Обедать ходил я к Чуковскому. У него по воскресеньям бывали гости: писатели, художники, дамы и И. Е. Репин.
Репину только что минуло семьдесят лет. Маленький, худенький, он разговаривал басом. Меня старик полюбил и нарисовал пером мой портрет в ‘Чукоккале’, альбоме, который Чуковский завел для воскресных гостей.
Иногда на даче Репина ‘Пенаты’ устраивался вегетарианский обед. На него я являлся, плотно закусив. Гостей ожидал суп из сена и грибные котлетки, на десерт орехи и виноград. Все подавалось сразу. Круглый стол вращался и делал прислугу лишней. Для осуществления равенства кухарки, прачки и дворник садились с господами […] На обед избирался по запискам председатель, раз выбор пал на меня, и по уставу я должен был сказать речь. Здесь я встречал скульптора Гинцбурга, поэтессу Гриневскую, Н. И. Кульбина. Подруги Репина Нордман-Северовой не было в этом году в Куоккале: она умирала за границей, и при мне пришло известие о ее кончине.
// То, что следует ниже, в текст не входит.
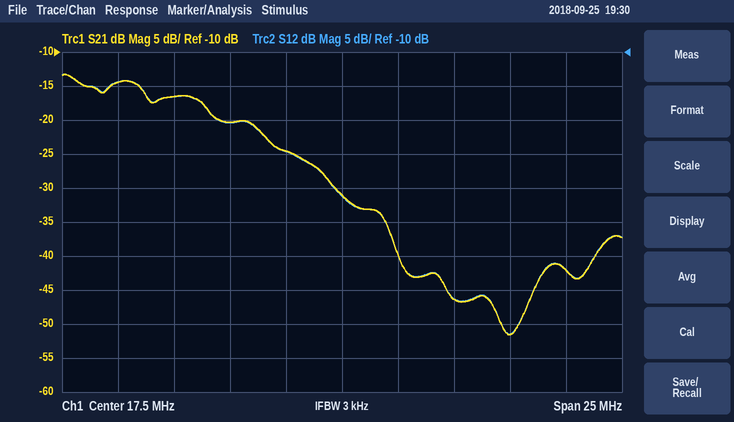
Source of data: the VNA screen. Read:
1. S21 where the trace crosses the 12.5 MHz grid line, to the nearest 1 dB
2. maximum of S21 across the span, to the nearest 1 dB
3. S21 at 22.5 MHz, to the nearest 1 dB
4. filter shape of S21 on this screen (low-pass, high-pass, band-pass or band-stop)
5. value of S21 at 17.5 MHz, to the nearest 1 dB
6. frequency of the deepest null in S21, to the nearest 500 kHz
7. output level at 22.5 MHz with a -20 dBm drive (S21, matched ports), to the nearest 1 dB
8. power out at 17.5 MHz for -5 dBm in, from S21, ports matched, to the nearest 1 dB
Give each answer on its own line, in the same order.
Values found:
-20 dB
-13 dB
-46 dB
low-pass
-31 dB
25.0 MHz
-66 dBm
-36 dBm
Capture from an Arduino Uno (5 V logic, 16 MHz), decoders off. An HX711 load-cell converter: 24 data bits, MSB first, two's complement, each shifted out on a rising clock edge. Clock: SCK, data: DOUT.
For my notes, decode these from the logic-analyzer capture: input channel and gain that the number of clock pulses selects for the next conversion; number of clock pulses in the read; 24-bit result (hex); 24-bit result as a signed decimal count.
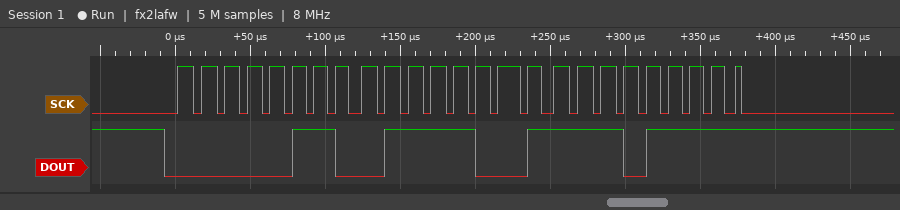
channel A, gain 128
25
0x0679EF
424431
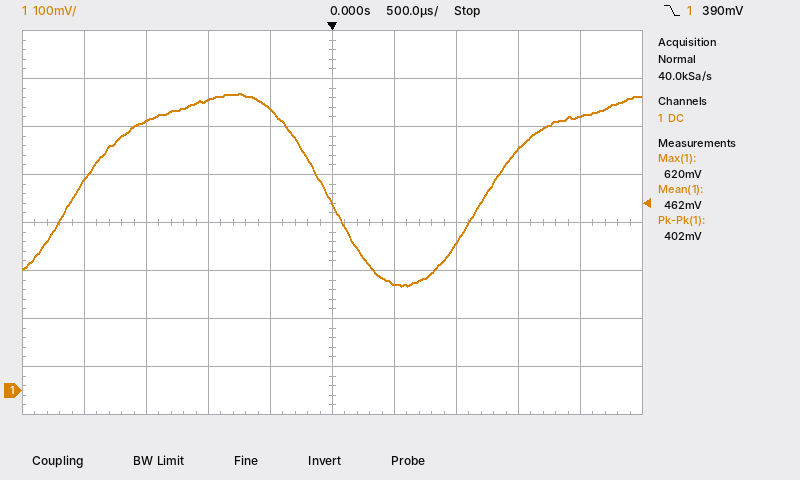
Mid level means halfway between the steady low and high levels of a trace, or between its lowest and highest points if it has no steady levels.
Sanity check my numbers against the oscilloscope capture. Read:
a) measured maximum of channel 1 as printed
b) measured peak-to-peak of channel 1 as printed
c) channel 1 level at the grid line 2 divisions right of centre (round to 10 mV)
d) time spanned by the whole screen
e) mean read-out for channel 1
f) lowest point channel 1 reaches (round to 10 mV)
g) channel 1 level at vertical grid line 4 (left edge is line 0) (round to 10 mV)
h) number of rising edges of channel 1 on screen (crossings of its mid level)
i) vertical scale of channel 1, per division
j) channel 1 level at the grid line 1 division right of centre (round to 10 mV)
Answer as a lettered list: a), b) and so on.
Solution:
a) 620 mV
b) 402 mV
c) 310 mV
d) 5 ms
e) 462 mV
f) 220 mV
g) 590 mV
h) 2
i) 100 mV
j) 220 mV
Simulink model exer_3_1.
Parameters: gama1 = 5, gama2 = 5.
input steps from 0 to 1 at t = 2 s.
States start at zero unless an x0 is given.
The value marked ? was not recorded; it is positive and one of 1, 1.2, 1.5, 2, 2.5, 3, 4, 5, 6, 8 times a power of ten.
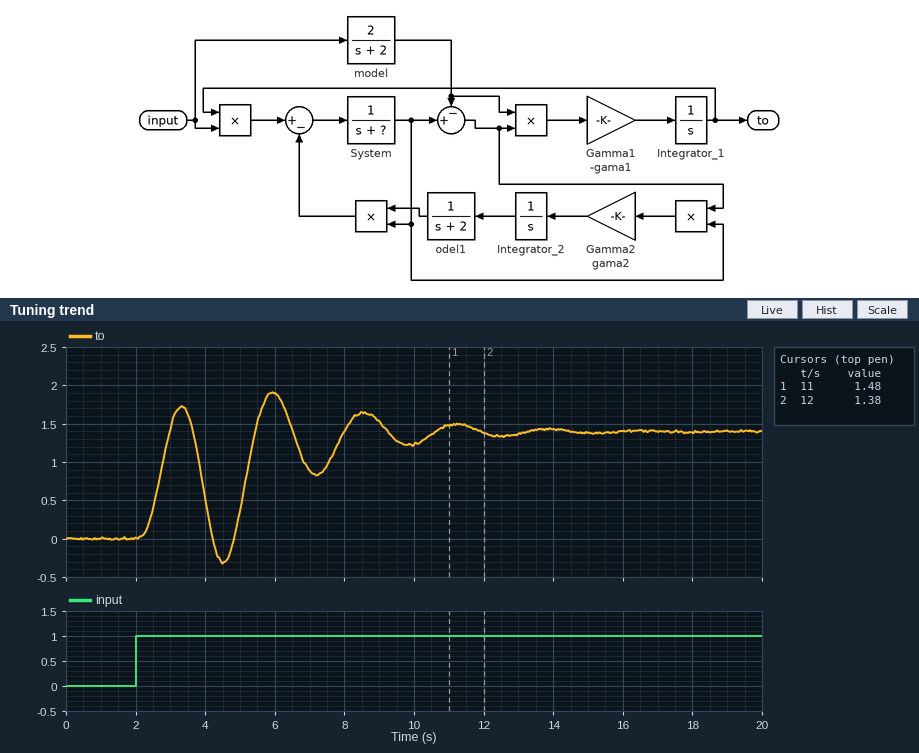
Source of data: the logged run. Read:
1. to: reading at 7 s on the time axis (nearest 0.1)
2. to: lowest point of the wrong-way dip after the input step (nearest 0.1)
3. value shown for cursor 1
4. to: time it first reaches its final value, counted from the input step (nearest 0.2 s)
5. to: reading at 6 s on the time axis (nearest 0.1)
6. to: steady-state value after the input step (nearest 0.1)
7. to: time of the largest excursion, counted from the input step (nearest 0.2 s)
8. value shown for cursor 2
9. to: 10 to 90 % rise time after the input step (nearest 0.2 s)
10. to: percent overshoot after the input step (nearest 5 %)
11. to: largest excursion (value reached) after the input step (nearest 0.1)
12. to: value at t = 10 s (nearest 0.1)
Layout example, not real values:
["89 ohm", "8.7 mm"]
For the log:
["0.9", "-0.3", "1.48", "1.0 s", "1.9", "1.4", "4.0 s", "1.38", "0.6 s", "35 %", "1.9", "1.2"]
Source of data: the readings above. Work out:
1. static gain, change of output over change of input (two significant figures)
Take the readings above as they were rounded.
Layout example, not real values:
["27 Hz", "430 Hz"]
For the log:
["1.4"]
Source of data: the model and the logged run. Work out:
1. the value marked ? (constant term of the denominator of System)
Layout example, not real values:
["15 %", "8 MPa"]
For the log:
["0.4"]
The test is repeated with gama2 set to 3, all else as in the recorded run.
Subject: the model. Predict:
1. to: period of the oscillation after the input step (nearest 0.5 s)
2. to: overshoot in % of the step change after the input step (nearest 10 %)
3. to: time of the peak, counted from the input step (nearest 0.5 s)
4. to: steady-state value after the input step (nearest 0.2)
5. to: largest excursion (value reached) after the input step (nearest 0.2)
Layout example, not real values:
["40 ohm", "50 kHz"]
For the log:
["2.5 s", "60 %", "1.5 s", "1.0", "1.8"]
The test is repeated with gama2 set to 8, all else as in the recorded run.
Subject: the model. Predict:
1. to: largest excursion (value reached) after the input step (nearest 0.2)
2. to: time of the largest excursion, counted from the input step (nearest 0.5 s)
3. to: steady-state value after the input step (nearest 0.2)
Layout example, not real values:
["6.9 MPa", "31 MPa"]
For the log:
["2.2", "4.0 s", "1.8"]
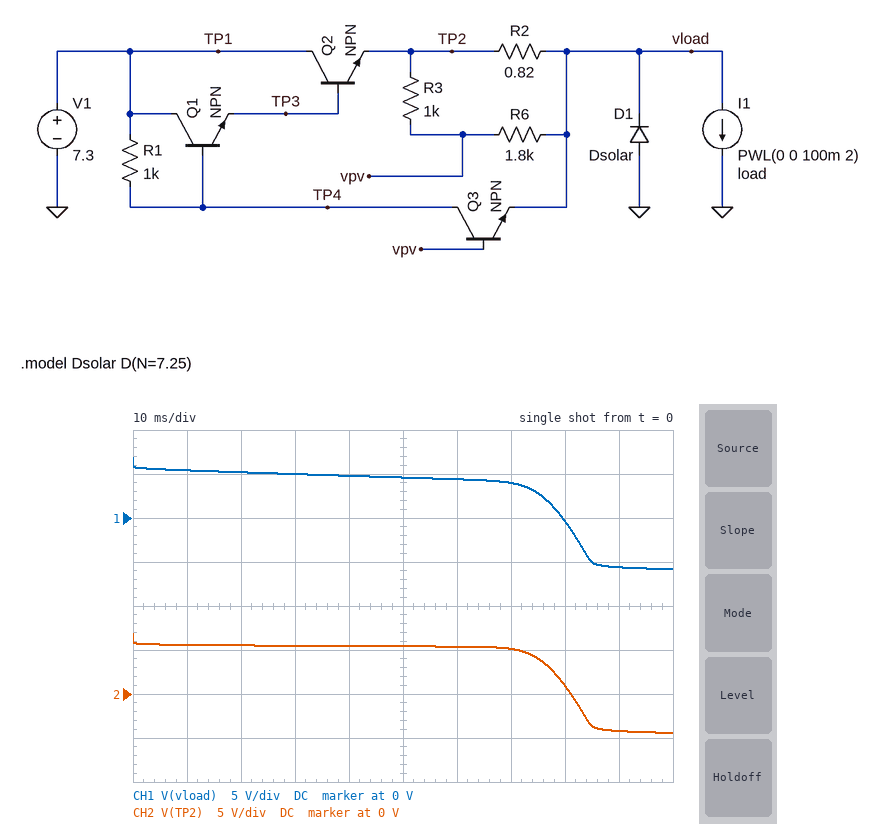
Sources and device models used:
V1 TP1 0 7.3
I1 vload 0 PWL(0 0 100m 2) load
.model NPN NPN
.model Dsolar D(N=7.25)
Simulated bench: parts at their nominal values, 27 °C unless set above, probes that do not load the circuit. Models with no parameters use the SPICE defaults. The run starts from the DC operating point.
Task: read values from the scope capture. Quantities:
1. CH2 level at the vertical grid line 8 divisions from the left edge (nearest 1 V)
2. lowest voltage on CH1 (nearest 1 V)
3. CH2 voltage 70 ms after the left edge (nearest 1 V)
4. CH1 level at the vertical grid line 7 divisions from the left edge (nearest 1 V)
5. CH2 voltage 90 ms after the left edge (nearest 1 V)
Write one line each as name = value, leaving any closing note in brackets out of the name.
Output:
CH2 level at the vertical grid line 8 divisions from the left edge = 1 V
lowest voltage on CH1 = -6 V
CH2 voltage 70 ms after the left edge = 5 V
CH1 level at the vertical grid line 7 divisions from the left edge = 4 V
CH2 voltage 90 ms after the left edge = -4 V
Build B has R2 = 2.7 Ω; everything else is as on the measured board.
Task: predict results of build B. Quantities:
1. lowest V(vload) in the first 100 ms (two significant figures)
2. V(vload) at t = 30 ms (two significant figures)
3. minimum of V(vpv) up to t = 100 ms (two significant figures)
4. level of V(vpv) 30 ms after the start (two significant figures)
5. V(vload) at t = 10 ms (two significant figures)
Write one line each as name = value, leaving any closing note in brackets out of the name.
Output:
lowest V(vload) in the first 100 ms = -6.1 V
V(vload) at t = 30 ms = -5.6 V
minimum of V(vpv) up to t = 100 ms = -5.3 V
level of V(vpv) 30 ms after the start = -4.7 V
V(vload) at t = 10 ms = 5.0 V
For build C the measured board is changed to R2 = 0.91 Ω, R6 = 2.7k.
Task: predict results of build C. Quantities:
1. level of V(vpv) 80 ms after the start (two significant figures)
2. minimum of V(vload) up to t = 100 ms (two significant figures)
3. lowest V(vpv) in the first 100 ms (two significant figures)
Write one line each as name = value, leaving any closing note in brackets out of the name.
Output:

Репин, Чуковский и я ездили вместе в Петербург смотреть музей императора Александра III [нынешний Русский музей]. И[лья] Е[фимович] очень хвалил Брюллова и указал нам, откуда смотреть на ‘Последний день Помпеи’: надо встать справа за дверью. Мы стояли перед ‘Запорожцами’. Мимо серовской ‘Иды’ И[лья] Е[фимович] прошел отплевываясь и не глядя: басок его гудел искренним раздражением.
Я получил от Репина в подарок акварельный автопортрет.